Sony Music Ireland said its web site was hacked Monday after three bogus news stories appeared on the homepage. It was the latest in a string of attacks on Sony dating back to the infiltration of its PlayStation and Qriocity networks in April.
One fake article at the Sony Music Ireland site had the headline "Tragedy Strikes The Script" and reported the death of two band members. Sony issued a statement that said the band members are indeed fine. The hackers also posted fake articles about Rebecca Black, R Kelly and "X Factor" contestants.
The company's domain, www.sonymusic.ie, currently does not load.
The attack on Sony Music Ireland's site is the latest in a string of highly publicized attacks on Sony properties. The most famous is the attack on Sony's PlayStation and Qriocity networks that compromised the personal information of some 77 million consumers.

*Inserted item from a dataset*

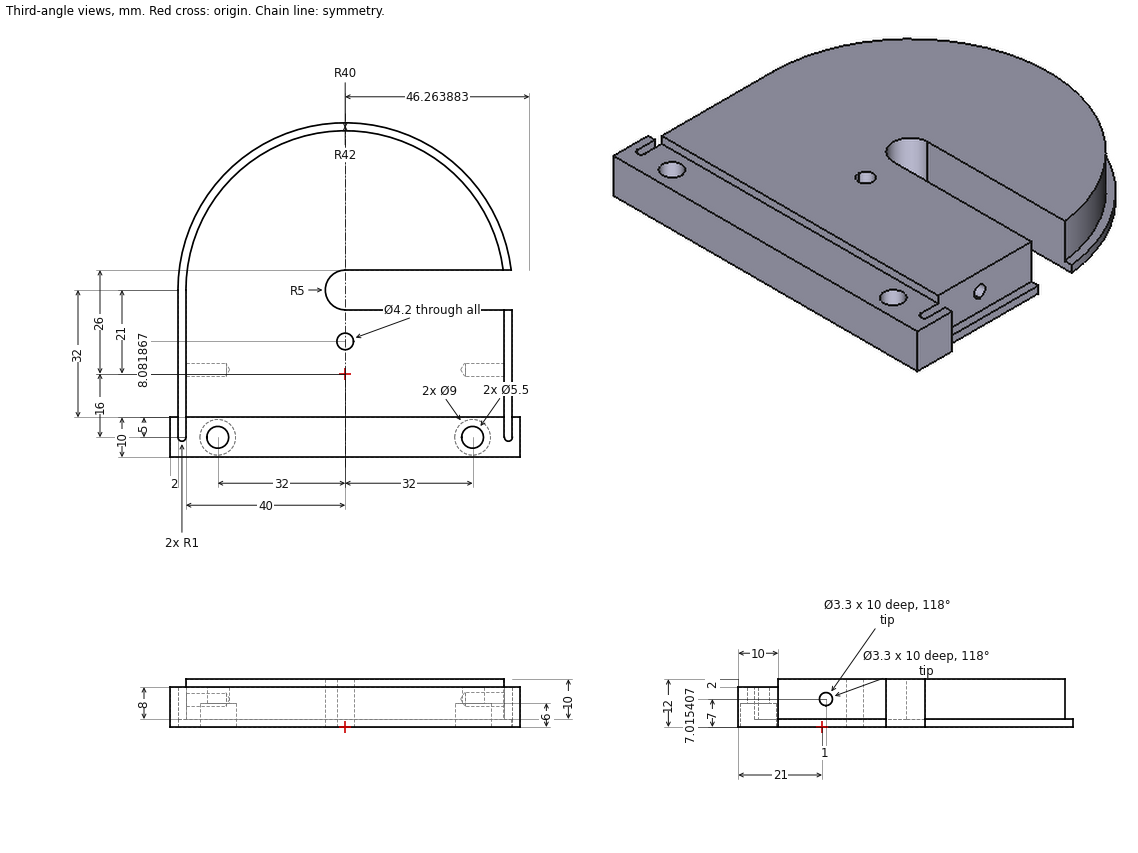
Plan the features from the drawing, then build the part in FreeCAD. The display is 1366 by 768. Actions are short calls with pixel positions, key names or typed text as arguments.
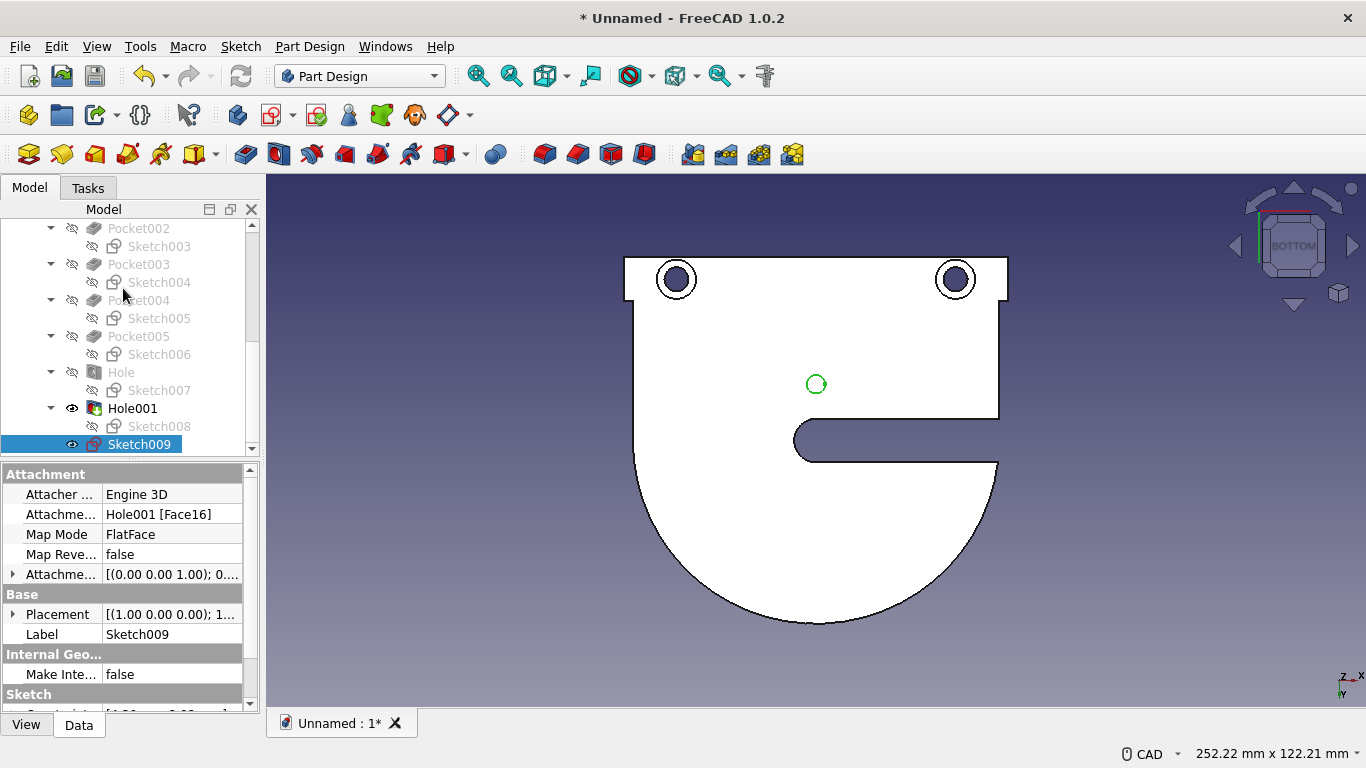
click(279, 154)

Coincidently, Sony announced Monday the two networks would be fully restored in Japan on Tuesday, July 6. In the last six weeks, Sony Music websites have also been attacked in Japan, Greece, Brazil and Portugal, according to various news reports.
There were at least two other significant hacking attacks on well-known companies over the weekend.
An Apple server was hacked by the group AntiSec, a collection of hackers from Anonymous and the group that has targeted Sony on a number of occasions, LulzSec. A document, according to reports contained 27 user names and passwords was posted online. Compared to other recent breaches, the attack on Apple was relatively light.
Although no other information appears to have been taken, the attack could stoke concerns about Apple's ability to prevent additional attacks once its iCloud service launches later this year. But it could simply get lucky. In the Twitter post announcing the attack, AntiSec hinted it could go after Apple if it chose to do so. "Apple could be target, too," the company wrote. "But don't worry, we are busy elsewhere."
In addition, FoxNews' Twitter account was hacked Monday morning. The account posted six messages Monday that claimed President Obama had been assassinated. FoxNews has explained that its servers were not compromised and the hackers gained access to the Twitter account through an email address linked to the account.
Contrary to reports, direct-to-fan service Topspin was not hacked last week. The company that was hacked was vBulletin, the site that hosted Topspin's community forum, "but no information was lost and there's no indication that any user data was compromised," Topspin's Brad Barrish wrote at the company blog. As a result of the incident, Topspin switched to a competitor, Zendesk. Added Barrish, "Our community forums are not connected in any way with the Topspin application."